> **Data extracted from a collection**

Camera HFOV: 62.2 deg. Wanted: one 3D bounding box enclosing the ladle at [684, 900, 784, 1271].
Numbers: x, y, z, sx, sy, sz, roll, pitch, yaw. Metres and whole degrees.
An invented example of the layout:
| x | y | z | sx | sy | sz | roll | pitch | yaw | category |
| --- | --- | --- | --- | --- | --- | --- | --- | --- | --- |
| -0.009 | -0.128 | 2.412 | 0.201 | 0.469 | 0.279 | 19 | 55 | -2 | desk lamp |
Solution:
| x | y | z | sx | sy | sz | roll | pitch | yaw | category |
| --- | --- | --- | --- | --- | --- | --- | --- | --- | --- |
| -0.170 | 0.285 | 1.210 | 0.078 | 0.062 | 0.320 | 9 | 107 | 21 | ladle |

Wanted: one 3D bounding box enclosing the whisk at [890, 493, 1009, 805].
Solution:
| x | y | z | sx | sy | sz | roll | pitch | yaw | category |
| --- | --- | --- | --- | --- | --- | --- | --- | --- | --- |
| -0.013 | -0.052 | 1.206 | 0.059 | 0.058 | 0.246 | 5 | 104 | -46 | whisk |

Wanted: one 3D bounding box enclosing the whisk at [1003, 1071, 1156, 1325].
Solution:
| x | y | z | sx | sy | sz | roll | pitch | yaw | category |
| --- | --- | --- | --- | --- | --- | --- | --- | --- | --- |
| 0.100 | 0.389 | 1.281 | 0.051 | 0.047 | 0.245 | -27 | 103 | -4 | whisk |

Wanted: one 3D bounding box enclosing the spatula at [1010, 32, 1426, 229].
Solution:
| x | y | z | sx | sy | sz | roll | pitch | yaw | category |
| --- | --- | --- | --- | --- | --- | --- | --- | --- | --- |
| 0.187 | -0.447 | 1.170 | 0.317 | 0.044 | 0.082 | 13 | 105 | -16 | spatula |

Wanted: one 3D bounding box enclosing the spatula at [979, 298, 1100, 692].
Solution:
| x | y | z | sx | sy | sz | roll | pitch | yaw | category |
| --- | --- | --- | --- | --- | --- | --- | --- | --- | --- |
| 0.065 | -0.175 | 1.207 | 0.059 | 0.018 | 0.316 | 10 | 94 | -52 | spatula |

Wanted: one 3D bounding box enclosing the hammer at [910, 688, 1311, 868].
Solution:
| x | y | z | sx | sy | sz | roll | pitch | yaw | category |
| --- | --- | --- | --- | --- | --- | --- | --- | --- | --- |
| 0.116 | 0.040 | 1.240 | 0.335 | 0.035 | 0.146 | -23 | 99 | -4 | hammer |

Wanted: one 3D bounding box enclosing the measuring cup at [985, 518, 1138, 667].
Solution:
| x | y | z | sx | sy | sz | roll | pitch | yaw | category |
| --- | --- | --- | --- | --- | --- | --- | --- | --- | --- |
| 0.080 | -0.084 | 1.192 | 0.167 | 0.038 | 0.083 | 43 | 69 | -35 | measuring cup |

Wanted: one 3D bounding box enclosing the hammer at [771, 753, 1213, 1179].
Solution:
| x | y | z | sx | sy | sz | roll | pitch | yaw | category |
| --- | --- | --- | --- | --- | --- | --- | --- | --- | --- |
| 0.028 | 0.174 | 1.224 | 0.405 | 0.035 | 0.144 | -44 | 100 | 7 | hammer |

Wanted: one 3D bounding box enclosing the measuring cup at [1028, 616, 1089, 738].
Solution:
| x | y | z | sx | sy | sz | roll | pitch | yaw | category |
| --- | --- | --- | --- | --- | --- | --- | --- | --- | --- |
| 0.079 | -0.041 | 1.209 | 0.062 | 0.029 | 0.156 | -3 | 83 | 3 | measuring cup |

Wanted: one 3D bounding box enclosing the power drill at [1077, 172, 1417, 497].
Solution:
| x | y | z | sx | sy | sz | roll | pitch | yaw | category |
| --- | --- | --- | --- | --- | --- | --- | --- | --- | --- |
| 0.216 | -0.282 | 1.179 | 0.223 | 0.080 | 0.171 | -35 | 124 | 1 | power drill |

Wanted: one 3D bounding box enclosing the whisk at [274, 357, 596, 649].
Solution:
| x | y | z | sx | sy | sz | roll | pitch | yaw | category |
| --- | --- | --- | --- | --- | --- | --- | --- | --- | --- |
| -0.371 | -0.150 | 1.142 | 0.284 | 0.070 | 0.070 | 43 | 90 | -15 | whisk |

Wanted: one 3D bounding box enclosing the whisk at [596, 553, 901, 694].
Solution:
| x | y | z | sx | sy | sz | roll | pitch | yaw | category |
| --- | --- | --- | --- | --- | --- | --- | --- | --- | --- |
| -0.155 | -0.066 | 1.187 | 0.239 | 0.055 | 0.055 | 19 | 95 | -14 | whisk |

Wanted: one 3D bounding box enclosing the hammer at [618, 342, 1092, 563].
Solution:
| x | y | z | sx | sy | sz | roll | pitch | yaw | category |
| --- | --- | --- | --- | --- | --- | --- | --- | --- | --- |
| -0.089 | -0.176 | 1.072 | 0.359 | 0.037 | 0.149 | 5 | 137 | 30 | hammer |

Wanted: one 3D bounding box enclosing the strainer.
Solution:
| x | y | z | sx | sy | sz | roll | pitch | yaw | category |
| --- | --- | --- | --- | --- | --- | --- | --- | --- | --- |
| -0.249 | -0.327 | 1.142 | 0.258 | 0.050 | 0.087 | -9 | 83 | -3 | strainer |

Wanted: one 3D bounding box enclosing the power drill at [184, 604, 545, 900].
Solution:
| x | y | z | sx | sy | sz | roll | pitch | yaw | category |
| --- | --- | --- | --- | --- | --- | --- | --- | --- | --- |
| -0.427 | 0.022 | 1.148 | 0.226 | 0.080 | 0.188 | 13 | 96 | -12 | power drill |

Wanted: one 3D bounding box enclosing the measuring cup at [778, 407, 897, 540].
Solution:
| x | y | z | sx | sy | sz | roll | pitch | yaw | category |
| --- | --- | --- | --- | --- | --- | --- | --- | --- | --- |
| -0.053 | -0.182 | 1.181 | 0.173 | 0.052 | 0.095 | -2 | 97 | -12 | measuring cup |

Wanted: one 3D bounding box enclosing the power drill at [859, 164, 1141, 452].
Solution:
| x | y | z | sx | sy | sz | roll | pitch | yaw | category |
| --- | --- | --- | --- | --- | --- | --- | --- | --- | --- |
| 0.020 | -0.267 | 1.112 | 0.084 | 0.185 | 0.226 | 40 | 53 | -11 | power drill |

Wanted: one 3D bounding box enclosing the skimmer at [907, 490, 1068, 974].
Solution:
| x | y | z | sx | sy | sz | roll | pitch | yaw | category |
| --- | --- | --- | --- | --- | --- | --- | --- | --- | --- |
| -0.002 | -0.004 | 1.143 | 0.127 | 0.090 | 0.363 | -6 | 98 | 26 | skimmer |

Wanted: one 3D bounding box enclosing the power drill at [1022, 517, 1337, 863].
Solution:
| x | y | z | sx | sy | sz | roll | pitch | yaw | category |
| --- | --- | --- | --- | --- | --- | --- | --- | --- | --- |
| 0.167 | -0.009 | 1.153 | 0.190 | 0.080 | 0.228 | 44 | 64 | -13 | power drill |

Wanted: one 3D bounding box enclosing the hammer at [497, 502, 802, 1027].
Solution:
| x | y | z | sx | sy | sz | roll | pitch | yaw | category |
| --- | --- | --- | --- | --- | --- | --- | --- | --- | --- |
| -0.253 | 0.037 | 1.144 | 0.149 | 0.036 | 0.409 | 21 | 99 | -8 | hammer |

> **Work required**
From the records above, copy only the lines starting with the line that holds "753, 1213, 1179]." and going on through the line that holds "357, 596, 649].", exactly as written.

> **Answer to this exercise**
Wanted: one 3D bounding box enclosing the hammer at [771, 753, 1213, 1179].
Solution:
| x | y | z | sx | sy | sz | roll | pitch | yaw | category |
| --- | --- | --- | --- | --- | --- | --- | --- | --- | --- |
| 0.028 | 0.174 | 1.224 | 0.405 | 0.035 | 0.144 | -44 | 100 | 7 | hammer |

Wanted: one 3D bounding box enclosing the measuring cup at [1028, 616, 1089, 738].
Solution:
| x | y | z | sx | sy | sz | roll | pitch | yaw | category |
| --- | --- | --- | --- | --- | --- | --- | --- | --- | --- |
| 0.079 | -0.041 | 1.209 | 0.062 | 0.029 | 0.156 | -3 | 83 | 3 | measuring cup |

Wanted: one 3D bounding box enclosing the power drill at [1077, 172, 1417, 497].
Solution:
| x | y | z | sx | sy | sz | roll | pitch | yaw | category |
| --- | --- | --- | --- | --- | --- | --- | --- | --- | --- |
| 0.216 | -0.282 | 1.179 | 0.223 | 0.080 | 0.171 | -35 | 124 | 1 | power drill |

Wanted: one 3D bounding box enclosing the whisk at [274, 357, 596, 649].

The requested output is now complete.